▶ **What the task asks**
Output all of the entries exactly as they are given.

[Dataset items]

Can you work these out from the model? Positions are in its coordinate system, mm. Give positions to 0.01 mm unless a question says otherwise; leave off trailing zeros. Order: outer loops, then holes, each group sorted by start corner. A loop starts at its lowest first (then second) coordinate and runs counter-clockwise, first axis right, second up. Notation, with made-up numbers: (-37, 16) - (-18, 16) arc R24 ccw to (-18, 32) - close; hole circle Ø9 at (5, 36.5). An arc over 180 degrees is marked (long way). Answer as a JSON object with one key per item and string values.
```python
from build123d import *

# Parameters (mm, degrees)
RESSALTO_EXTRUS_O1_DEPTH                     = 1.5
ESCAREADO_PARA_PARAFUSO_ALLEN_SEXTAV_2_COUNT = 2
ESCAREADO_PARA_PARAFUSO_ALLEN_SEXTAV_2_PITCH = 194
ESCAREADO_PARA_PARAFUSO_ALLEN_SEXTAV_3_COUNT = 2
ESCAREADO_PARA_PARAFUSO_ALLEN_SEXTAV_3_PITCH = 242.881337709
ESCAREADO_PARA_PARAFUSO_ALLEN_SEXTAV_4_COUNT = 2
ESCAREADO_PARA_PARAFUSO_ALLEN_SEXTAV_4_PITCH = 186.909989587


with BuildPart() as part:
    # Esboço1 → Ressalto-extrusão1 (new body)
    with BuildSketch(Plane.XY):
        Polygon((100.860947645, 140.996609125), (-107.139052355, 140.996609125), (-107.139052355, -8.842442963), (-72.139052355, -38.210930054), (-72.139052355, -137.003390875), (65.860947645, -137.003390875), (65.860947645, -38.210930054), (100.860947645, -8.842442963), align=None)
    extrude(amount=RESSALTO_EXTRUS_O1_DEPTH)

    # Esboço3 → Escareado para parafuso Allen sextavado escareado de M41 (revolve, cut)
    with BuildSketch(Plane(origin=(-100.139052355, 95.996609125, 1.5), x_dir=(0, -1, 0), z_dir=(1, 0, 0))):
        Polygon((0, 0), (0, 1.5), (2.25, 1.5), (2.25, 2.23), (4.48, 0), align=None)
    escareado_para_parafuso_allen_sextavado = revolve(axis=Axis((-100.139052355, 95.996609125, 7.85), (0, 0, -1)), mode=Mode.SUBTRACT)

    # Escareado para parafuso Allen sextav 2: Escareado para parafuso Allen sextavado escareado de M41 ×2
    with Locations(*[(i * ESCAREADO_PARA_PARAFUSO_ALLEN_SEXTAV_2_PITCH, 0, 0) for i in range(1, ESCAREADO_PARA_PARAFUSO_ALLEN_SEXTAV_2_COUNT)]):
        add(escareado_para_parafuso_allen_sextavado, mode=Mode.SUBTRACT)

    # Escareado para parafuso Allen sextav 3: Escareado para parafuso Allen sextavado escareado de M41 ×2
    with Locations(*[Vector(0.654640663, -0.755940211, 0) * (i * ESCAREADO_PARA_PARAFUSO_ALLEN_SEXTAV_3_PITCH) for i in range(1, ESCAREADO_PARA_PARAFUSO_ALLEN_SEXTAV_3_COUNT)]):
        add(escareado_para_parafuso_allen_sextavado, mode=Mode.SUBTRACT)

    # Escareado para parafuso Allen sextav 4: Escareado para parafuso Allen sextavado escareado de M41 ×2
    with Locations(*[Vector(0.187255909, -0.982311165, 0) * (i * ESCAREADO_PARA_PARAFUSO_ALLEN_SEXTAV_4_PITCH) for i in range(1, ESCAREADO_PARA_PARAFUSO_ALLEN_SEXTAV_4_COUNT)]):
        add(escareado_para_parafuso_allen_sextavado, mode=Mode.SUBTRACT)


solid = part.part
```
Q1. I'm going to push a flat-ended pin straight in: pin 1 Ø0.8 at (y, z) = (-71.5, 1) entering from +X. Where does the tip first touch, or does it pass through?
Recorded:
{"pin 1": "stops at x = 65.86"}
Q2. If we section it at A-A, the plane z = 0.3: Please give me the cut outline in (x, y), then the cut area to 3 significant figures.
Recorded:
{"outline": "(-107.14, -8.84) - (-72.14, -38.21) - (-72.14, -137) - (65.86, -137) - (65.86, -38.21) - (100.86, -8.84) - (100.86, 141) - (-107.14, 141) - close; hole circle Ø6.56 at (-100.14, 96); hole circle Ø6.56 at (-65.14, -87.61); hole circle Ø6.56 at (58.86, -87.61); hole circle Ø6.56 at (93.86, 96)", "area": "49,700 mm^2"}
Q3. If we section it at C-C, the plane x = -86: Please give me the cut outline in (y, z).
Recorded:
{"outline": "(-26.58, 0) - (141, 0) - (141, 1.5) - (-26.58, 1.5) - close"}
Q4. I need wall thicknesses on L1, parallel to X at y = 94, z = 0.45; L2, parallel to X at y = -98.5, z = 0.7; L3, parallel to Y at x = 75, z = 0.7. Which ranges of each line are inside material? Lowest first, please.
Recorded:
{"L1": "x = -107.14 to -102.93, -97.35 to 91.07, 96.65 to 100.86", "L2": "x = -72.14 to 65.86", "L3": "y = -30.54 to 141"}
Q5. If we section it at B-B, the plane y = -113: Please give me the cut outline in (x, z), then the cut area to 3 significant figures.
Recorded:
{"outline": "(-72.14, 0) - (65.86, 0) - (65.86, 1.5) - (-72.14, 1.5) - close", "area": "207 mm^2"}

▶ **Response box**
Can you work these out from the model? Positions are in its coordinate system, mm. Give positions to 0.01 mm unless a question says otherwise; leave off trailing zeros. Order: outer loops, then holes, each group sorted by start corner. A loop starts at its lowest first (then second) coordinate and runs counter-clockwise, first axis right, second up. Notation, with made-up numbers: (-37, 16) - (-18, 16) arc R24 ccw to (-18, 32) - close; hole circle Ø9 at (5, 36.5). An arc over 180 degrees is marked (long way). Answer as a JSON object with one key per item and string values.
```python
from build123d import *

# Parameters (mm, degrees)
RESSALTO_EXTRUS_O1_DEPTH                     = 1.5
ESCAREADO_PARA_PARAFUSO_ALLEN_SEXTAV_2_COUNT = 2
ESCAREADO_PARA_PARAFUSO_ALLEN_SEXTAV_2_PITCH = 194
ESCAREADO_PARA_PARAFUSO_ALLEN_SEXTAV_3_COUNT = 2
ESCAREADO_PARA_PARAFUSO_ALLEN_SEXTAV_3_PITCH = 242.881337709
ESCAREADO_PARA_PARAFUSO_ALLEN_SEXTAV_4_COUNT = 2
ESCAREADO_PARA_PARAFUSO_ALLEN_SEXTAV_4_PITCH = 186.909989587


with BuildPart() as part:
    # Esboço1 → Ressalto-extrusão1 (new body)
    with BuildSketch(Plane.XY):
        Polygon((100.860947645, 140.996609125), (-107.139052355, 140.996609125), (-107.139052355, -8.842442963), (-72.139052355, -38.210930054), (-72.139052355, -137.003390875), (65.860947645, -137.003390875), (65.860947645, -38.210930054), (100.860947645, -8.842442963), align=None)
    extrude(amount=RESSALTO_EXTRUS_O1_DEPTH)

    # Esboço3 → Escareado para parafuso Allen sextavado escareado de M41 (revolve, cut)
    with BuildSketch(Plane(origin=(-100.139052355, 95.996609125, 1.5), x_dir=(0, -1, 0), z_dir=(1, 0, 0))):
        Polygon((0, 0), (0, 1.5), (2.25, 1.5), (2.25, 2.23), (4.48, 0), align=None)
    escareado_para_parafuso_allen_sextavado = revolve(axis=Axis((-100.139052355, 95.996609125, 7.85), (0, 0, -1)), mode=Mode.SUBTRACT)

    # Escareado para parafuso Allen sextav 2: Escareado para parafuso Allen sextavado escareado de M41 ×2
    with Locations(*[(i * ESCAREADO_PARA_PARAFUSO_ALLEN_SEXTAV_2_PITCH, 0, 0) for i in range(1, ESCAREADO_PARA_PARAFUSO_ALLEN_SEXTAV_2_COUNT)]):
        add(escareado_para_parafuso_allen_sextavado, mode=Mode.SUBTRACT)

    # Escareado para parafuso Allen sextav 3: Escareado para parafuso Allen sextavado escareado de M41 ×2
    with Locations(*[Vector(0.654640663, -0.755940211, 0) * (i * ESCAREADO_PARA_PARAFUSO_ALLEN_SEXTAV_3_PITCH) for i in range(1, ESCAREADO_PARA_PARAFUSO_ALLEN_SEXTAV_3_COUNT)]):
        add(escareado_para_parafuso_allen_sextavado, mode=Mode.SUBTRACT)

    # Escareado para parafuso Allen sextav 4: Escareado para parafuso Allen sextavado escareado de M41 ×2
    with Locations(*[Vector(0.187255909, -0.982311165, 0) * (i * ESCAREADO_PARA_PARAFUSO_ALLEN_SEXTAV_4_PITCH) for i in range(1, ESCAREADO_PARA_PARAFUSO_ALLEN_SEXTAV_4_COUNT)]):
        add(escareado_para_parafuso_allen_sextavado, mode=Mode.SUBTRACT)


solid = part.part
```
Q1. I'm going to push a flat-ended pin straight in: pin 1 Ø0.8 at (y, z) = (-71.5, 1) entering from +X. Where does the tip first touch, or does it pass through?
Recorded:
{"pin 1": "stops at x = 65.86"}
Q2. If we section it at A-A, the plane z = 0.3: Please give me the cut outline in (x, y), then the cut area to 3 significant figures.
Recorded:
{"outline": "(-107.14, -8.84) - (-72.14, -38.21) - (-72.14, -137) - (65.86, -137) - (65.86, -38.21) - (100.86, -8.84) - (100.86, 141) - (-107.14, 141) - close; hole circle Ø6.56 at (-100.14, 96); hole circle Ø6.56 at (-65.14, -87.61); hole circle Ø6.56 at (58.86, -87.61); hole circle Ø6.56 at (93.86, 96)", "area": "49,700 mm^2"}
Q3. If we section it at C-C, the plane x = -86: Please give me the cut outline in (y, z).
Recorded:
{"outline": "(-26.58, 0) - (141, 0) - (141, 1.5) - (-26.58, 1.5) - close"}
Q4. I need wall thicknesses on L1, parallel to X at y = 94, z = 0.45; L2, parallel to X at y = -98.5, z = 0.7; L3, parallel to Y at x = 75, z = 0.7. Which ranges of each line are inside material? Lowest first, please.
Recorded:
{"L1": "x = -107.14 to -102.93, -97.35 to 91.07, 96.65 to 100.86", "L2": "x = -72.14 to 65.86", "L3": "y = -30.54 to 141"}
Q5. If we section it at B-B, the plane y = -113: Please give me the cut outline in (x, z), then the cut area to 3 significant figures.
Recorded:
{"outline": "(-72.14, 0) - (65.86, 0) - (65.86, 1.5) - (-72.14, 1.5) - close", "area": "207 mm^2"}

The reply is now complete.